REQUIRED ACTION:
Look through the data below and say how many of its lines contain "mountPath", adding nothing else.

[Entries taken from a collection]
────────────────────
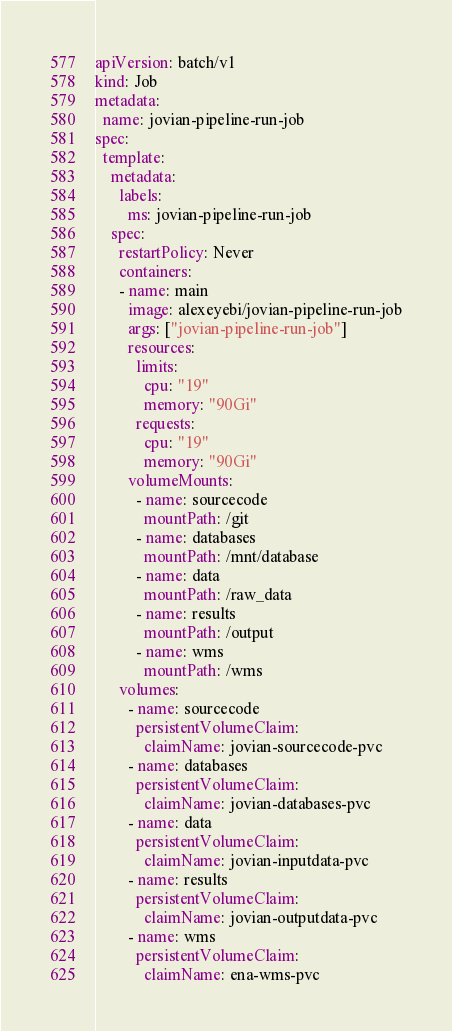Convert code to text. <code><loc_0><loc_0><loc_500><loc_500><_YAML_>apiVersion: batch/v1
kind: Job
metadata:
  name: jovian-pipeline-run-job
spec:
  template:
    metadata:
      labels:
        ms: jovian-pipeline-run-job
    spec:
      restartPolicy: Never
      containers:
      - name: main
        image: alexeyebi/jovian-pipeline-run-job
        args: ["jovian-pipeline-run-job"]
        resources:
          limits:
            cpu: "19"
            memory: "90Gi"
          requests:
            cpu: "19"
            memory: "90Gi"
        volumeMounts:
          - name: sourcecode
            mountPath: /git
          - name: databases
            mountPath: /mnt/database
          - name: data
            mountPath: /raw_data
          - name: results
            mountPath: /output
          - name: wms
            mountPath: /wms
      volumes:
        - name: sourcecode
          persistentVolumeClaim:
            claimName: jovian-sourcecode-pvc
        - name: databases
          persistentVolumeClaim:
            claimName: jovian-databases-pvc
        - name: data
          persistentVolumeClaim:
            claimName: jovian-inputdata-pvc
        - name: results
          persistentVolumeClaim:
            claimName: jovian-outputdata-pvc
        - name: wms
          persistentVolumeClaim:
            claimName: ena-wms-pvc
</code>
────────────────────
EXERCISE RESULT:
5